There's not a lot Boreanaz could have done about the situation. The comics seem to primarily draw upon the ANGEL in Season 3 publicity photos as reference, although occasionally, I see a cover that's using Season 1 photos and it's shocking to see Angel looking so young and trim when most artists use a mid-point average.

From a writing standpoint -- I think ANGEL should have written in an explanation for Angel aging by Season 3 once they realized the show was going to continue and that Boreanaz wasn't someone who will physically stay the same. I think I would have liked Season 3 to have an arc where Angel discovers he isn't healing instantly the way he used to. Meanwhile, Fred notices that Angel looks much younger in some old photos even though he shouldn't age. It's revealed: Angel's time in hell damaged his physiology and caused him to start aging and the trip to Pylea where he transformed back and forth between a human and purely vampiral state has worsened his condition. He's now aging faster, using his powers will hasten his degeneration and even if he didn't, he has about a year left to live.

I would probably make this a short arc where Angel becomes desperate to tie up every loose end in his life before he dies, racing the clock, getting weaker (and older) with each adventure, urgently trying to achieve every bit of redemption he can before he dies -- and I would end the arc with Angel being healed through some magic that, however, leaves him aging at a human rate and allows David Boreanaz to age in the role. We would have to give up the flashbacks, though.
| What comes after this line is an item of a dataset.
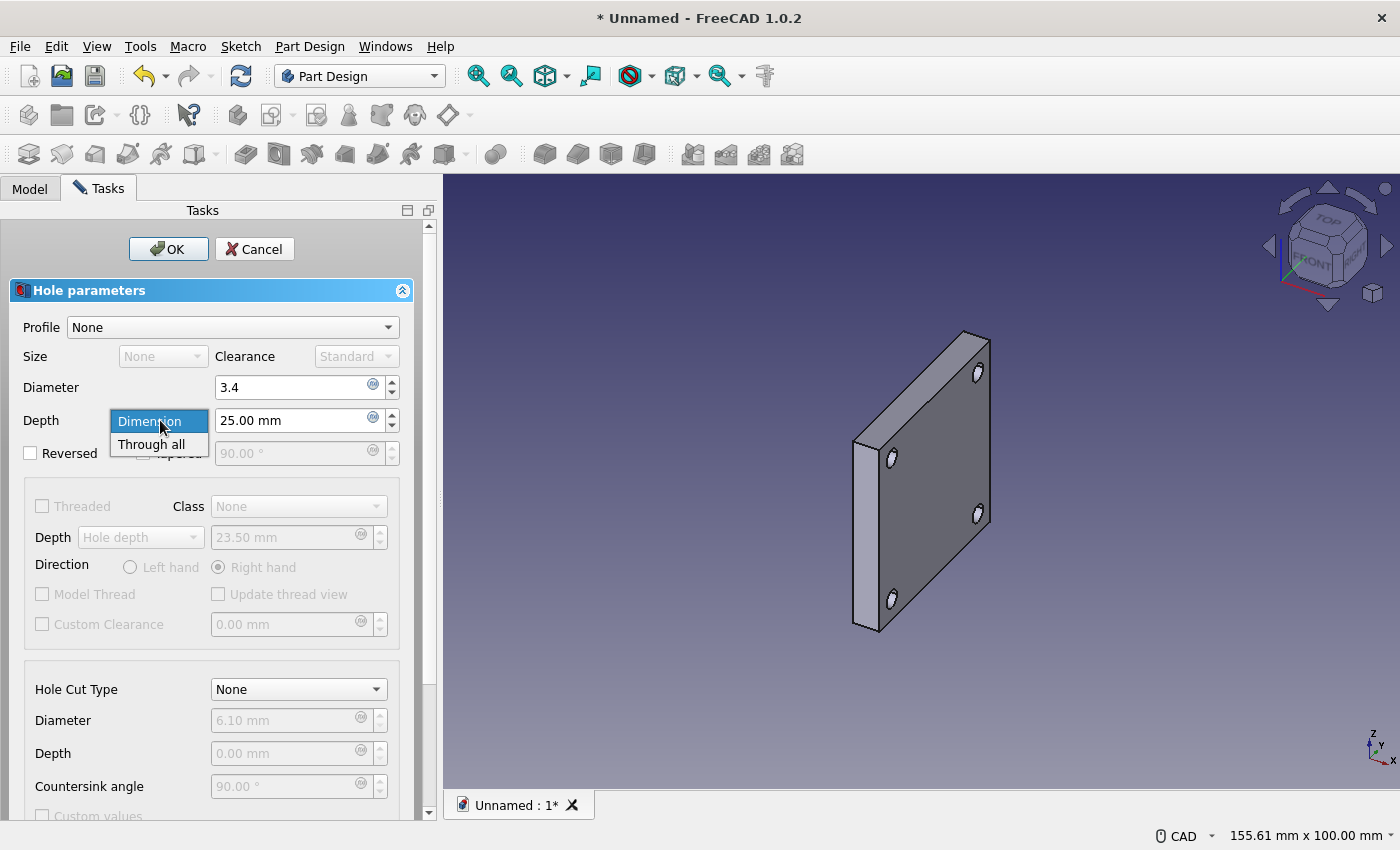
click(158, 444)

When the ANGEL comics started, it was revealed that Angel had become human and was using magic to fake his vampire powers. But eventually, Angel regains his vampire powers. If it had still been a TV show, it probably would've been best to let Angel stay human-ish.

Re: Random Thoughts about TV, Film and Media

Yeah, I think they had the same problem with James Masters. He was 35 or so when cast for season 2 of Buffy, right? Then you add years of staying very thin for the role, plus smoking... By the end, he was definitely aging. This is why vampires are better in books and movies than in TV shows. I guess we are supposed to play along and pretend that they look the same as when we first saw them.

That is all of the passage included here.